O tráfico de humanos “é o mercado que mais cresce no mundo do crime”, diz Pino Arlacchi, diretor-geral do Escritório para Controle de Drogas e Prevenção de Crimes, da ONU. Estima-se que cerca de 200 milhões de pessoas estejam sob o controle dos traficantes, segundo o Sr. Arlacchi. Ao passo que em 400 anos de escravidão 11,5 milhões de pessoas foram tiradas da África, só na última década mais de 30 milhões de mulheres e crianças foram transportadas como escravos tanto dentro do Sudeste Asiático como para fora dele. Grande parte delas trabalha em regime de escravidão ou são vítimas da exploração sexual. O Sr. Arlacchi propõe que os países que aboliram as leis contra a escravidão voltem a instituí-las.

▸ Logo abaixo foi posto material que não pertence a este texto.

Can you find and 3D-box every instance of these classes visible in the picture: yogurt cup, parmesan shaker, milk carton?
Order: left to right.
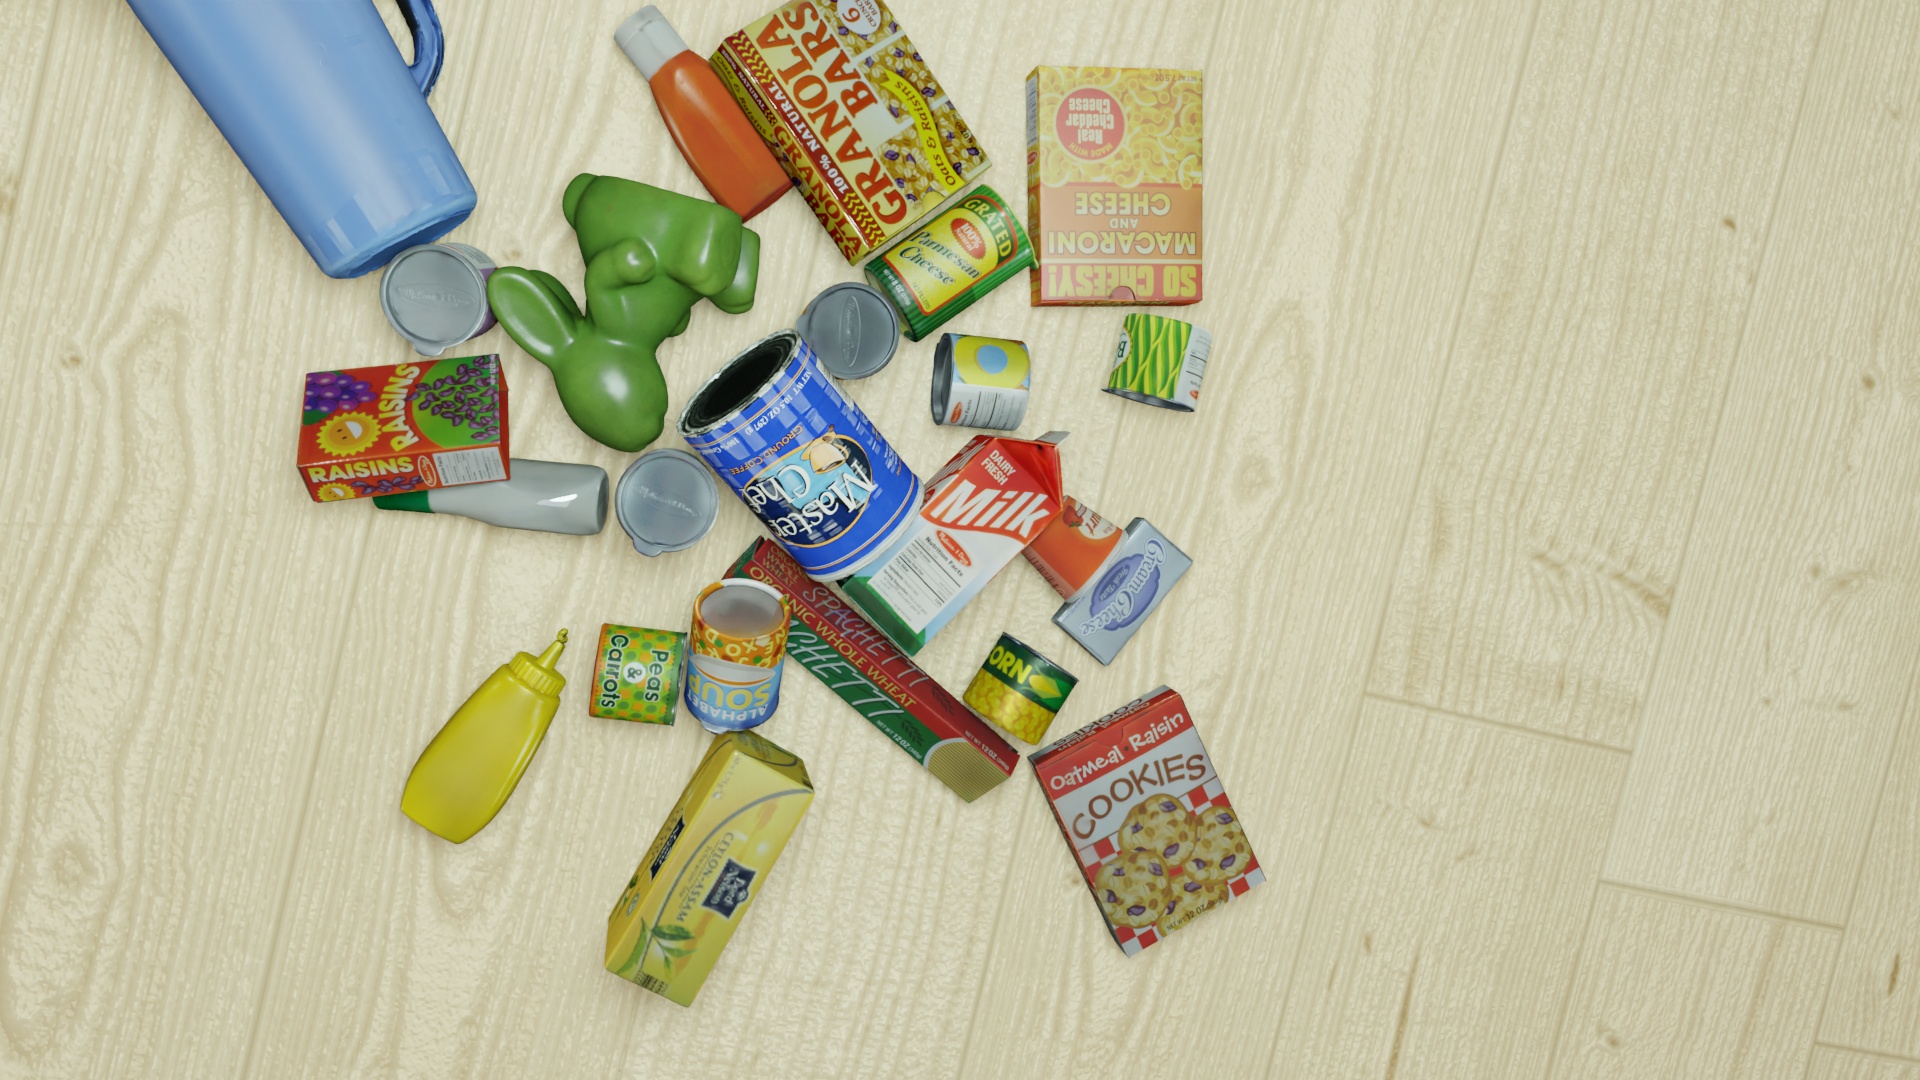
[{"bbox_3d":[-0.006,-0.191,0.974,0.103,0.071,0.071,-36,101,-6],"label":"parmesan shaker"},{"bbox_3d":[0.004,-0.012,0.990,0.191,0.072,0.073,-44,102,-4],"label":"milk carton"},{"bbox_3d":[0.080,0.004,1.011,0.054,0.072,0.072,40,87,-4],"label":"yogurt cup"}]

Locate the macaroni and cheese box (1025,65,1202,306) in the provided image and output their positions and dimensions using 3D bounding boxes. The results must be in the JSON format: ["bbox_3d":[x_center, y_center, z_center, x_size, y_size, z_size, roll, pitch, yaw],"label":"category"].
[{"bbox_3d":[0.112,-0.254,1.006,0.124,0.040,0.166,-2,95,-10],"label":"macaroni and cheese box"}]

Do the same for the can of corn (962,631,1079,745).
[{"bbox_3d":[0.042,0.107,1.009,0.071,0.071,0.058,33,89,-12],"label":"can of corn"}]

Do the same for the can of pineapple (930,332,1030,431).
[{"bbox_3d":[0.014,-0.114,0.986,0.058,0.071,0.071,4,94,-13],"label":"can of pineapple"}]

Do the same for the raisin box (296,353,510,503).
[{"bbox_3d":[-0.360,-0.074,0.906,0.123,0.039,0.086,-8,53,-11],"label":"raisin box"}]

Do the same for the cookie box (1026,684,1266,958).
[{"bbox_3d":[0.141,0.211,1.052,0.123,0.040,0.167,-27,99,-8],"label":"cookie box"}]

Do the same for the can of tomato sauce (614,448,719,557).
[{"bbox_3d":[-0.199,-0.027,0.941,0.071,0.083,0.071,-1,95,-11],"label":"can of tomato sauce"}]

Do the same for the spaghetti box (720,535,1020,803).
[{"bbox_3d":[-0.065,0.095,0.995,0.250,0.029,0.050,42,126,-12],"label":"spaghetti box"}]

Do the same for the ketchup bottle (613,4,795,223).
[{"bbox_3d":[-0.174,-0.292,0.944,0.065,0.043,0.148,-41,101,-12],"label":"ketchup bottle"}]

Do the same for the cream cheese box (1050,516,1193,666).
[{"bbox_3d":[0.121,0.037,1.041,0.053,0.024,0.104,41,86,-12],"label":"cream cheese box"}]

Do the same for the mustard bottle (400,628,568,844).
[{"bbox_3d":[-0.313,0.127,0.949,0.065,0.049,0.160,36,87,-12],"label":"mustard bottle"}]

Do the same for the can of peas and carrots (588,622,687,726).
[{"bbox_3d":[-0.221,0.092,0.953,0.059,0.071,0.071,8,93,-11],"label":"can of peas and carrots"}]

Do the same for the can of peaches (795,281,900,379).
[{"bbox_3d":[-0.081,-0.145,0.968,0.071,0.058,0.071,-1,96,-11],"label":"can of peaches"}]

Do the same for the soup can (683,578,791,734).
[{"bbox_3d":[-0.153,0.079,0.948,0.071,0.072,0.083,4,127,-12],"label":"soup can"}]

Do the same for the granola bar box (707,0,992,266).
[{"bbox_3d":[-0.072,-0.291,0.947,0.125,0.039,0.165,-41,102,-27],"label":"granola bar box"}]

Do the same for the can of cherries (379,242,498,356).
[{"bbox_3d":[-0.338,-0.159,0.910,0.071,0.058,0.071,-1,103,-5],"label":"can of cherries"}]

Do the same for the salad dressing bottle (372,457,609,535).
[{"bbox_3d":[-0.314,-0.033,0.932,0.148,0.064,0.043,5,114,-4],"label":"salad dressing bottle"}]

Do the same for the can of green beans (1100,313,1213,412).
[{"bbox_3d":[0.145,-0.129,1.011,0.071,0.071,0.058,14,92,-12],"label":"can of green beans"}]

Tortura e brutalidade na Europa

“Deportação que resulta em morte, tortura de detentos, violência sistemática da polícia, repressão étnica e religiosa” são alguns dos abusos dos direitos humanos que se observam na Europa, relata um comunicado da Anistia Internacional. “Muitas pessoas na Europa desfrutam direitos humanos básicos, mas algumas, entre as quais os refugiados e as minorias étnicas e religiosas, continuam expostas a uma faceta da Europa que não condiz com a imagem de bastião dos direitos humanos e da liberdade”, diz o boletim. “Nada torna isso mais evidente do que o aumento e a freqüência de relatos de violência policial. Do Reino Unido ao Azerbaijão, as pessoas são vítimas de . . . crueldades, desumanidade e humilhações nas mãos da polícia.” A entidade afirma que muitas vezes os responsáveis não são julgados. Ela cita um exemplo: “Em julho [de 1999], a Corte Européia dos Direitos Humanos declarou que a França era culpada de violar as normas internacionais referentes à tortura e ao direito a julgamento justo” no caso de um imigrante detido pela polícia. “Terminou o ano e os policiais acusados não haviam sido removidos do seu cargo”, diz o relatório.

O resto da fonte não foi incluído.